**EXERCISE DESCRIPTION**
Where the records below have a line with "down", that line is to be copied.

**SUPPLIED ENTRIES**
***

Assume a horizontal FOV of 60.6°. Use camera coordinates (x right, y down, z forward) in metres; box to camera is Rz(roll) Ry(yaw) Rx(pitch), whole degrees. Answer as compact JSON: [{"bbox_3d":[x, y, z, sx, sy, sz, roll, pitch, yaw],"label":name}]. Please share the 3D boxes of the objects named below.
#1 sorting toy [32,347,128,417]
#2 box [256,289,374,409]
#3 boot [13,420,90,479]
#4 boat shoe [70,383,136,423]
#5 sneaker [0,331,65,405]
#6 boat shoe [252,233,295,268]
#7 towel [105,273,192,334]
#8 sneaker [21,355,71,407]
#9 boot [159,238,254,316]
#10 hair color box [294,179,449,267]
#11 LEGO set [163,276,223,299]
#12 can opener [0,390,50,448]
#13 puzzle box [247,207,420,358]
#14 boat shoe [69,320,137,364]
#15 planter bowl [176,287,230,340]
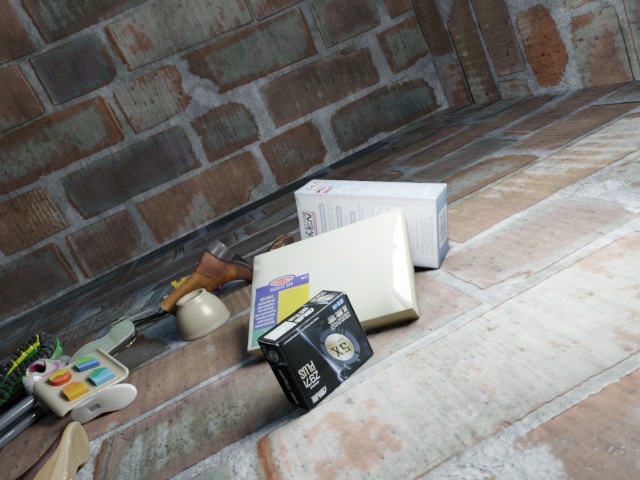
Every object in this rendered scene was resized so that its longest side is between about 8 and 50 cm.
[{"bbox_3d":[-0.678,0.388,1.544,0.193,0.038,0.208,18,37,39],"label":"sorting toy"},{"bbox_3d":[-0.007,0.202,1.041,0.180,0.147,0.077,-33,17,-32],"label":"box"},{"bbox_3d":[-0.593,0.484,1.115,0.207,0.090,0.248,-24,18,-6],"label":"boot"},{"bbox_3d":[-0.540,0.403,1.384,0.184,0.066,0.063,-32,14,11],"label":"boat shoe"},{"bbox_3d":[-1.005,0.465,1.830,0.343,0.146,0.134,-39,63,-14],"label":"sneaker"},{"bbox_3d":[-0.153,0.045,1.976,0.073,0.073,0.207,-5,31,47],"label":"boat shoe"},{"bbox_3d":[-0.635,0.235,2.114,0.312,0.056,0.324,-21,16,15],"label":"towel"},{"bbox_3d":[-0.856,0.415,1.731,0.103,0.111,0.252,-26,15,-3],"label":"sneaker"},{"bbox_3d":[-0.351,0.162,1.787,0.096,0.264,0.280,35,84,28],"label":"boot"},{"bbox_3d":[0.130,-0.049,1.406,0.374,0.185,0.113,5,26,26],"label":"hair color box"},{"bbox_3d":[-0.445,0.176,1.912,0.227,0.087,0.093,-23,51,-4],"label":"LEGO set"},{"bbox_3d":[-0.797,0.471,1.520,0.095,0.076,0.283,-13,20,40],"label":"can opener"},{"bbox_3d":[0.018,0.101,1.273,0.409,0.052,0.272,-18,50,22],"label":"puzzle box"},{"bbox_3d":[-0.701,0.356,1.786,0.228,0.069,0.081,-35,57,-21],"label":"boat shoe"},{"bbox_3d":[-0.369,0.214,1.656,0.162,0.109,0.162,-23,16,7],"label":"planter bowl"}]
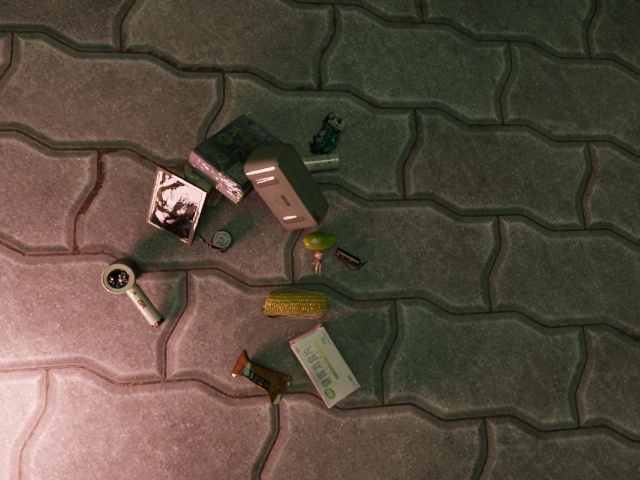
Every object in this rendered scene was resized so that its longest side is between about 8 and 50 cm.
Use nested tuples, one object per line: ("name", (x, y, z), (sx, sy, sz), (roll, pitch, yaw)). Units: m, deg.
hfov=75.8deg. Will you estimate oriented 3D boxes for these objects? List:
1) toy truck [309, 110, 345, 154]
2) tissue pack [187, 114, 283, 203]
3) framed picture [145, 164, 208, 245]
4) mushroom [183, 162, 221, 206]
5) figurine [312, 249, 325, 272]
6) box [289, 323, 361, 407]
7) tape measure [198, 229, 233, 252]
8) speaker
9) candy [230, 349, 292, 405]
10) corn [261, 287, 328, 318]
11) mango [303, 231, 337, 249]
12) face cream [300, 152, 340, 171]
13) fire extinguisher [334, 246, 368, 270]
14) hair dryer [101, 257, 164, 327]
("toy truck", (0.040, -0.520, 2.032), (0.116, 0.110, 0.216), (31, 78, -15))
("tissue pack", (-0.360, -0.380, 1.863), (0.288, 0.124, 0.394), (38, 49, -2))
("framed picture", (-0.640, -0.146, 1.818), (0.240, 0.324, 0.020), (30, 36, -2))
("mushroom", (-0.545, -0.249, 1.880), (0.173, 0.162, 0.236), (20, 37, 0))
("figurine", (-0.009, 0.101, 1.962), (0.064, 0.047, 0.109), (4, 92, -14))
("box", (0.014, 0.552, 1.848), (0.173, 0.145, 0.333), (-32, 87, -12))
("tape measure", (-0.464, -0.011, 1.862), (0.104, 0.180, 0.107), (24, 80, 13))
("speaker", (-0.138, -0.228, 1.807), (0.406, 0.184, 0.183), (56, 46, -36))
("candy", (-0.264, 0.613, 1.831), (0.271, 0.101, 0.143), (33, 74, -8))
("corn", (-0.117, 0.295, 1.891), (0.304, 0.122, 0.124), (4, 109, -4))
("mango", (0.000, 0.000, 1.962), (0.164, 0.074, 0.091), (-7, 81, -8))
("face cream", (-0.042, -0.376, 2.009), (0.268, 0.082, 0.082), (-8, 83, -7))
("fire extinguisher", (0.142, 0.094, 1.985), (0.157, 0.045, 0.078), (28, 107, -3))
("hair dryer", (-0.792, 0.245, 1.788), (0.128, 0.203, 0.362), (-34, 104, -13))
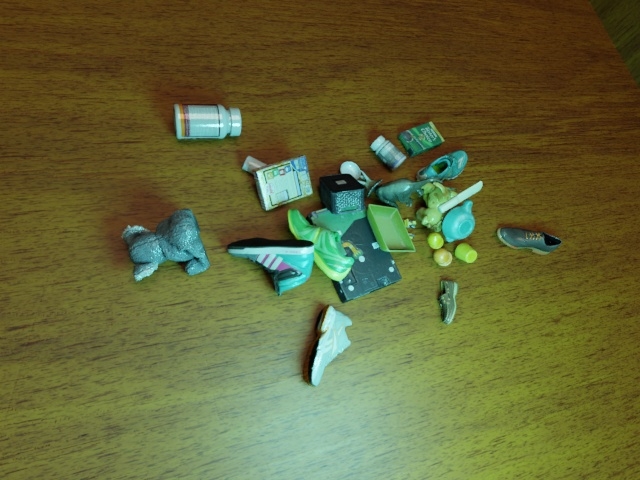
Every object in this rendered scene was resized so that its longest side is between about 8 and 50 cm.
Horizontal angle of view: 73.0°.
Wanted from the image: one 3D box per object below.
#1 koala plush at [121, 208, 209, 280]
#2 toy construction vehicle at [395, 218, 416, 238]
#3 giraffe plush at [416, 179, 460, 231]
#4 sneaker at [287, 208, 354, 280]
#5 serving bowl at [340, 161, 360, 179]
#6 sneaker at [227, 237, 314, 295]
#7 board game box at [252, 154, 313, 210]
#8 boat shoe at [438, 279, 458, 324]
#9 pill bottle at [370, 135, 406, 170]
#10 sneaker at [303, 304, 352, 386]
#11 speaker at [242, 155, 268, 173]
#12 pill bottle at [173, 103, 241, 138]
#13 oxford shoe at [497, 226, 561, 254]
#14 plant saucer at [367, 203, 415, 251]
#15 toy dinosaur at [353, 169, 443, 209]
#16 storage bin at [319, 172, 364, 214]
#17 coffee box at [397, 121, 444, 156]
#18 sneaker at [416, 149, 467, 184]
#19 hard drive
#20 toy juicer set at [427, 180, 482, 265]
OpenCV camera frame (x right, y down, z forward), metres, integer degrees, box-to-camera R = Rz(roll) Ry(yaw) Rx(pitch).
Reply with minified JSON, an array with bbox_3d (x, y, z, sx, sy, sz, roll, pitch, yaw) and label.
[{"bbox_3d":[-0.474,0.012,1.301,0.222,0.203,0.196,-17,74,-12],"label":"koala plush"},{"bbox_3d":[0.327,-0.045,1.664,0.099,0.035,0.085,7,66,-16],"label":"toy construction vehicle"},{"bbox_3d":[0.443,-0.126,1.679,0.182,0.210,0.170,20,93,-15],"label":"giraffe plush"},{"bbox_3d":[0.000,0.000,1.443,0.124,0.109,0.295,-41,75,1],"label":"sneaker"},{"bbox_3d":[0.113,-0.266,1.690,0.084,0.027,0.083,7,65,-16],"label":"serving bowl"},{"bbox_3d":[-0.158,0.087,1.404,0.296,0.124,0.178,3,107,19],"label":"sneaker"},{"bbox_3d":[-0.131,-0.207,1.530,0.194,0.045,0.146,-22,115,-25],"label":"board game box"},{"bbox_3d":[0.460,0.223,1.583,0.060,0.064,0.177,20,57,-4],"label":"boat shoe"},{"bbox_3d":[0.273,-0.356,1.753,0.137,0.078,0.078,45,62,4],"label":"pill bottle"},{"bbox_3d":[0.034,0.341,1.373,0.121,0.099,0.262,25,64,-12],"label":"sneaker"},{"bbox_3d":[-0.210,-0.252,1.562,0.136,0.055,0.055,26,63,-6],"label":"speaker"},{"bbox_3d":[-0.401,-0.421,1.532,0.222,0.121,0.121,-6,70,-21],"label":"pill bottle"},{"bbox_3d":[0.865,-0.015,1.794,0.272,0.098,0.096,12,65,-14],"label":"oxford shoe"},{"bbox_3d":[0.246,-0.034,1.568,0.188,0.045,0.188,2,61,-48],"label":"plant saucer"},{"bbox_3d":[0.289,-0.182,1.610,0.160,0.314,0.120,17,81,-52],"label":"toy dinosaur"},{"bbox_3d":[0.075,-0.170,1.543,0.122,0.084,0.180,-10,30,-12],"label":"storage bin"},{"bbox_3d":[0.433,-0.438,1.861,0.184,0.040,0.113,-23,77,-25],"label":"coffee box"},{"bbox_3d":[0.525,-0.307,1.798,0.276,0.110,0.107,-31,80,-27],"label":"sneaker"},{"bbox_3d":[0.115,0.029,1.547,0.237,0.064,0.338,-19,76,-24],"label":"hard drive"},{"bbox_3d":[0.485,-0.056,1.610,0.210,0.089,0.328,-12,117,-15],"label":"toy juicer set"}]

***

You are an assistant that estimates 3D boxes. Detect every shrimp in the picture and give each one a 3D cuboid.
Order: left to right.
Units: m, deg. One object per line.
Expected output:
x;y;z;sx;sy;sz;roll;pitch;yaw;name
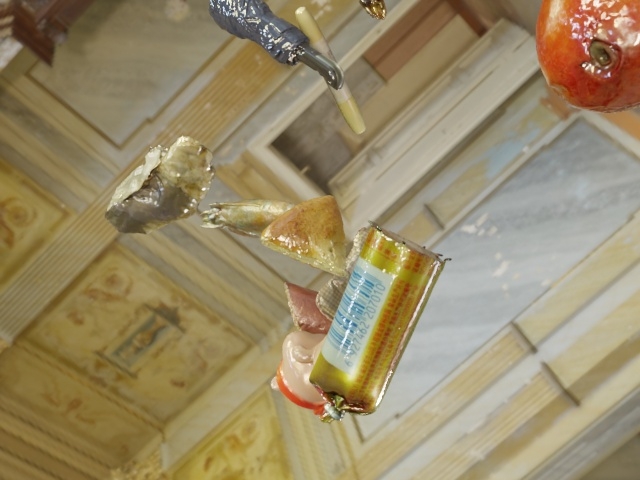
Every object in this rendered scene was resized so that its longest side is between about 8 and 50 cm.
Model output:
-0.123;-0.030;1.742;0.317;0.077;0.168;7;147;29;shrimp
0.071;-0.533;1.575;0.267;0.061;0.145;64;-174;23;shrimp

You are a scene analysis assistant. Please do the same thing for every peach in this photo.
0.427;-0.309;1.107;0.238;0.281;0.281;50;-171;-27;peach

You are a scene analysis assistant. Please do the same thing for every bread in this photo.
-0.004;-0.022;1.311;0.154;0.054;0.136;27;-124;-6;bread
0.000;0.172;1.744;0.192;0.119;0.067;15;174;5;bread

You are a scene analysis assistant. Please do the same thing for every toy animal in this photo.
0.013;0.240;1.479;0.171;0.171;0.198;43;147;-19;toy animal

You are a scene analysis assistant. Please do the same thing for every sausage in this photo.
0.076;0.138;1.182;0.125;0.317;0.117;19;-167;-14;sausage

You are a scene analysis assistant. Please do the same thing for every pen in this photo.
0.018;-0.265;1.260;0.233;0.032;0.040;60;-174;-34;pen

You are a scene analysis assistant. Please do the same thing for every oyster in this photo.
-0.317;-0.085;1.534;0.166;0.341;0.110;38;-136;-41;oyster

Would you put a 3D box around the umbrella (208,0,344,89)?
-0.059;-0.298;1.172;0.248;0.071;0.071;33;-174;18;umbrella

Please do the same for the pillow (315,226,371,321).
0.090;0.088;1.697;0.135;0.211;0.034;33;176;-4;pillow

***

**RESPONSE BOX**
Assume a horizontal FOV of 60.6°. Use camera coordinates (x right, y down, z forward) in metres; box to camera is Rz(roll) Ry(yaw) Rx(pitch), whole degrees. Answer as compact JSON: [{"bbox_3d":[x, y, z, sx, sy, sz, roll, pitch, yaw],"label":name}]. Please share the 3D boxes of the objects named below.
OpenCV camera frame (x right, y down, z forward), metres, integer degrees, box-to-camera R = Rz(roll) Ry(yaw) Rx(pitch).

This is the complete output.